M. et Mme [H] ont subi un préjudice de ce fait constitué d'une perte de chance de ne pas souscrire le contrat proposé et donc de ne pas payer la somme de 7 579 euros correspondant à la somme restant due, après déduction du montant initial de 14 000 euros, des sommes perçues au titre de primes et de réduction d'impôts à hauteur de 5921 euros et de la somme de 500 euros qui devait en tout état de cause rester à leur charge.

Cette perte de chance pouvant être évaluée à 50%, la société Eco sol sera condamnée à payer à M. et Mme [H] la somme de 3 790 euros à titre de dommages et intérêts.

M. [S] étant mis en cause à titre de mandataire ad hoc de la société Eco sol et donc représentant à ce titre la société Eco sol, il n'y a pas lieu de le condamner à titre personnel au paiement de cette somme.

Sur les frais du procès

Le sens de l'arrêt conduit à infirmer le jugement sur la condamnation aux dépens, sauf en ce qu'elle condamne la société Eco sol aux dépens et sur celle au titre de l'article 700 du code de procédure civile.

En cause d'appel, la société Eco sol sera condamnée aux dépens et à payer à M. et Mme [H] la somme de 2 000 euros, au titre des frais irrépétibles.
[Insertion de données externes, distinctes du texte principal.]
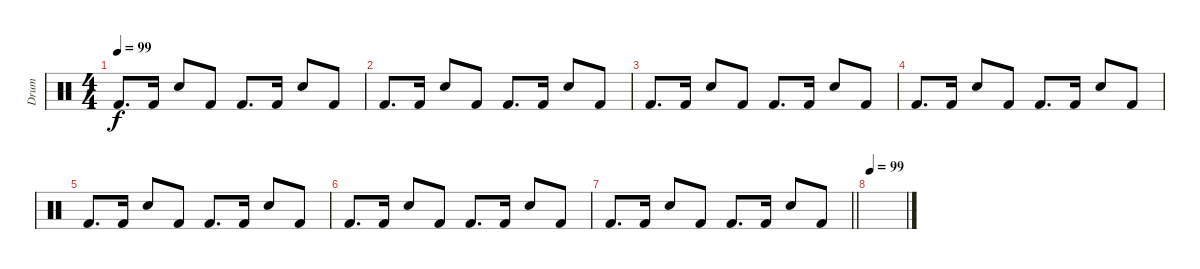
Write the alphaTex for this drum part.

\track ("Drum" "Drum") {instrument percussion}
\staff {score}
\articulation defaults
\ts (4 4)
\tempo 99
\clef neutral
\ks c "Kick (hit) 2".8{d dy f} "Kick (hit) 2".16 "Electric Snare (hit)".8 "Kick (hit) 2".8 "Kick (hit) 2".8{d} "Kick (hit) 2".16 "Electric Snare (hit)".8 "Kick (hit) 2".8
|
"Kick (hit) 2".8{d} "Kick (hit) 2".16 "Electric Snare (hit)".8 "Kick (hit) 2".8 "Kick (hit) 2".8{d} "Kick (hit) 2".16 "Electric Snare (hit)".8 "Kick (hit) 2".8 |
"Kick (hit) 2".8{d} "Kick (hit) 2".16 "Electric Snare (hit)".8 "Kick (hit) 2".8 "Kick (hit) 2".8{d} "Kick (hit) 2".16 "Electric Snare (hit)".8 "Kick (hit) 2".8 |
"Kick (hit) 2".8{d} "Kick (hit) 2".16 "Electric Snare (hit)".8 "Kick (hit) 2".8 "Kick (hit) 2".8{d} "Kick (hit) 2".16 "Electric Snare (hit)".8 "Kick (hit) 2".8 |
"Kick (hit) 2".8{d} "Kick (hit) 2".16 "Electric Snare (hit)".8 "Kick (hit) 2".8 "Kick (hit) 2".8{d} "Kick (hit) 2".16 "Electric Snare (hit)".8 "Kick (hit) 2".8 |
"Kick (hit) 2".8{d} "Kick (hit) 2".16 "Electric Snare (hit)".8 "Kick (hit) 2".8 "Kick (hit) 2".8{d} "Kick (hit) 2".16 "Electric Snare (hit)".8 "Kick (hit) 2".8 |
\barLineRight lightlight "Kick (hit) 2".8{d} "Kick (hit) 2".16 "Electric Snare (hit)".8 "Kick (hit) 2".8 "Kick (hit) 2".8{d} "Kick (hit) 2".16 "Electric Snare (hit)".8 "Kick (hit) 2".8
|
\tempo 99

Les autres demandes formées au titre de l'article 700 du code de procédure civile seront rejetées.

Le bénéfice des dispositions de l'article 699 du code de procédure civile sera accordé aux avocats en ayant fait la demande et pouvant y prétendre.

PAR CES MOTIFS

La cour,

Infirme le jugement en ses dispositions soumises à la cour sauf en ce qu'il :

Condamne la société Eco sol aux dépens et à verser à M. et Mme [H] une somme de 1 000 euros au titre de l'article 700 du code de procédure civile ;

Statuant à nouveau et y ajoutant :

Rejette les demandes de M. et Mme [H] de voir déclarer nuls les contrats conclus avec la société Eco sol et la société Domofinance le 1er juin 2015 ;

Rejette les demandes de M. et Mme [H] formées à l'encontre de la société Domofinance ;

Condamne la société Eco sol à payer à M. et Mme [H] la somme de 3 790 euros à titre de dommages et intérêts ;

Condamne la société Eco sol aux dépens d'appel ;

Admet les avocats qui en ont fait la demande et peuvent y prétendre au bénéfice des dispositions de l'article 699 du code de procédure civile ;

En application de l'article 700 du code de procédure civile, condamne la société Eco sol à payer à M. et Mme [H] la somme de 2 000 euros en cause d'appel et rejette toutes les autres demandes.